Our assumptions can now be written:

**(0)** |M| is countably infinite.

**(1)** ∀m ∈ M, ∃t_{m} ∈ terms(X) such that (m = t_{m})

**(2)** If we extend L to L* by adding finitely many constant symbols, then for any Y ⊆ L*, if X ∪ Y is not satisfiable, then F refutes some finite subset of X ∪ Y.

**(3)** X is recursively enumerable.

Our proof starts by adding a new constant term c to our language and constructing an extension of X:

Y = X ∪ {c ≠ t_{m} | m ∈ M}

In other words, Y is X but supplemented with the assertion that there exists an object that isn’t in M. If we can prove that Y is satisfiable, then this entails that X is also satisfiable by the same truth assignment. And this means that there is a model of X in which there are extra objects that aren’t in M.

We proceed with proof by contradiction. Suppose that Y is not satisfiable. Then, by assumption (2), we must be able to refute some finite subset Z of X ∪ Y. But since Z is finite, it involves only finitely many terms t_{m}. And since M is countably infinite, there will always be objects in M that are not equal to any of the chosen terms! So we can’t refute any finite subset of Z! Thus Y is satisfiable.

And if Y is satisfiable, then so must be X, as Y is a superset of X. And since Y is satisfiable, then there’s some truth assignment v that satisfies all of v. But then v also satisfies X, as X is a subset of Y and removing axioms cannot rule out models, only add more! So we’ve proven that X has a model in which there is an object that is not equal to any of the objects in M. That is, X is not categorical: it does not uniquely describe M.

Tennant described this theorem as saying that “in countably infinite realms, you cannot know both where you are and where you are going.” More dully, we cannot have a satisfactory theory of a countably infinite mathematical structure that is both categorical and weakly complete. This isn’t super shocking by today’s standards, but it’s quite cool when you consider how little elaborate theoretical apparatus is required to prove it.

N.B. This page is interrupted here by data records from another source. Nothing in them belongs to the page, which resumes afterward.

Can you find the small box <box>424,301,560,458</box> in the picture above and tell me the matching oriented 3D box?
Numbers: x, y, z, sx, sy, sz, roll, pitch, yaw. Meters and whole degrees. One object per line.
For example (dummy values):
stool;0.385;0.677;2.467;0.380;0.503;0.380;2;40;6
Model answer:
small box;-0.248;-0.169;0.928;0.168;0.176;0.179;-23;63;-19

# 3. Inevitable nonstandard numbers

Suppose we have some first-order theory T that models the natural numbers. Take this theory and append to it a new constant symbol c, as well as an infinite axiom schema saying “c > 0” , “c > 1” , “c > 2”, and so on forever. Call this new theory T*.

Does T* have a model? Well by the compactness theorem, it has a model as long as all its finite subsets have a model. And for every finite subset of T*s axioms, the natural numbers are a model! So T* does have a model. Could this model be the natural numbers? Clearly not, because to satisfy T*, there must be a number greater than all the natural numbers. So whatever the model of T* is, it’s not the standard natural numbers. Let’s call it a nonstandard model, and label it ℕ*.

Here’s the final step of the proof: ℕ* is a model of T*, and T* is a superset of T, so ℕ* must also be a model of T! And thus we find that in any logic with a compactness theorem, a theory of the natural numbers will have models with nonstandard numbers that are greater than all of ℕ.

It’s one of my favorite proofs, because it’s so easy to describe and has such a devastating conclusion. It’s also an example of the compactness theorem using the existence of one type of model (ℕ for each of the finite cases) to prove the existence of something entirely different (ℕ* for the infinite case).

# 4. Mysterious missing subsets

The Löwenheim-Skolem theorem tells us that if a first-order theory has a model with an infinite cardinality, then it has models with every infinite cardinality. This places a major restriction on our ability to describe an infinite mathematical structure using first order logic. For if we were to try to single out the natural numbers, say, we would inevitably end up failing to rule out models of our axioms that are the cardinality of the real numbers, or worse, or the set of functions from real numbers to real numbers, and so on for all other possible cardinalities.

When applied to set theory, this implies a result that seems on its face to be a straightforward contradiction. Namely, Löwenheim-Skolem tells us that any first order axiomatization of sets will inevitably have a model that contains only a countable infinity of sets. But this seems bizarre, as all we appear to need to rule out countably infinite universes of sets is one axiom that asserts the existence of a countably infinite set, and another that asserts that admits the power-set of any set to the universe of sets. Then we will be forced to admit that there is a set which is the power set of a countably infinite set, and as Cantor’s famous diagonal argument shows, that this set is uncountably large.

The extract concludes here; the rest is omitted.